ESAs are not recognized under the Americans with Disabilities Act and cannot accompany their owners in public spaces. However, in Missouri, SAs and ESAs are protected under the Fair Housing Act, which was created to require equal housing opportunities for everyone with a disability.
This act exempts anyone with an SA or ESA from “no animal” housing policies and pet fees, but landlords are allowed to request written proof from a medical professional in your state that you have a qualifying disability for an SA or an updated ESA letter.
This letter could be from a therapist that you are familiar with, or a short Google search can generate several pages of websites for setting up an appointment with a mental health professional. One of the most popular of these sites is Pettable. If you have $150 and time to answer a short survey, they will be able to match you with a therapist and get an ESA letter in your hands within three days.
Even with the protection of the Fair Housing Act, it is not uncommon for landlords to attempt to deny applicants with service and emotional support animals, claiming that their disability is fake or doesn’t qualify, especially among people with mental disabilities that aren’t as apparent.
Applicants who are denied do have the option to pursue legal action. Magda Werkmeister, the hotline coordinator for city-wide tenant union KC Tenants, says that she will direct people to legal services when receiving a call about “no pets allowed” housing. Sometimes it is just a case of bringing a legal professional to talk with the landlord, but it could also lead to filing a lawsuit.
Support animals are essential for people with disabilities to live full and independent lives. The Americans with Disabilities Act and Fair Housing Act defend these rights, but it is not uncommon for people to abuse their privileges.

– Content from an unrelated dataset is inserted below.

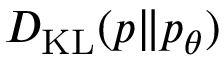Convert formula to latex. <formula><loc_0><loc_0><loc_500><loc_500>D _ { K L } ( p \| p _ { \theta } )</formula> 
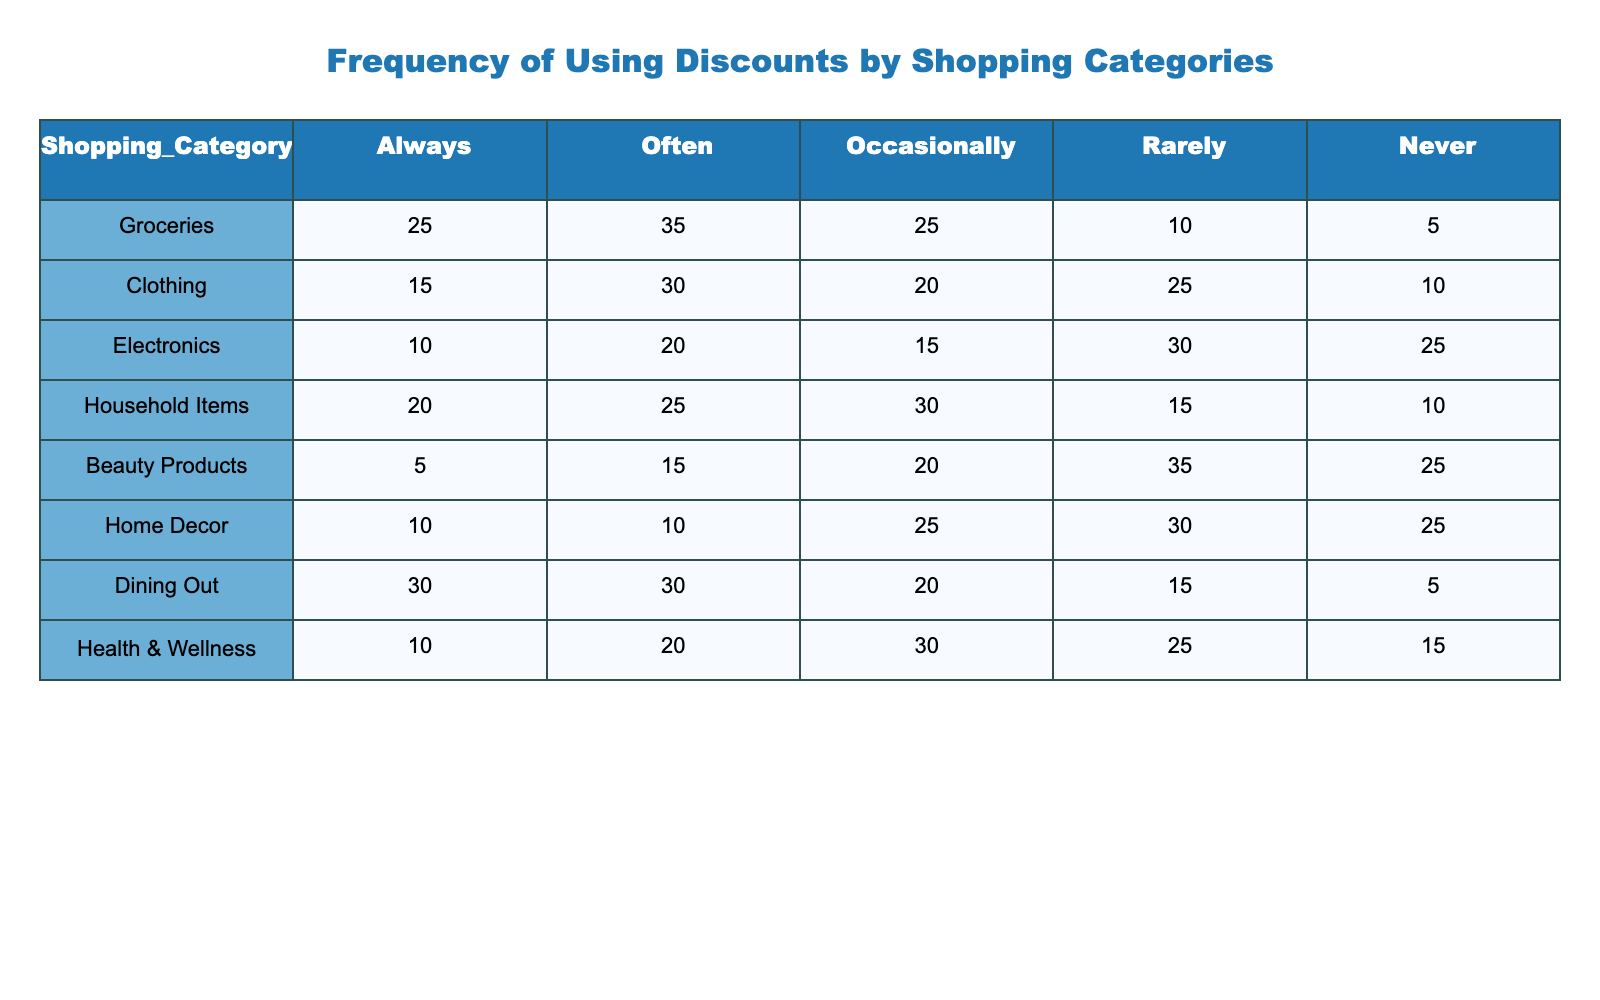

If your animal is not trained to behave and assist as a service animal, do not bring them to spaces where they can cause damage or harm others. The backlash from these incidents negatively affect those who may have been waiting for years or have spent thousands of dollars to have a legitimate service animal.
“I’m working so hard to help my community of people who have service dogs to not make it harder for anyone else. It is exhausting, but it’s fantastic because I can be independent,” Miller says. “[Emerald] gives me confidence that I didn’t have before.”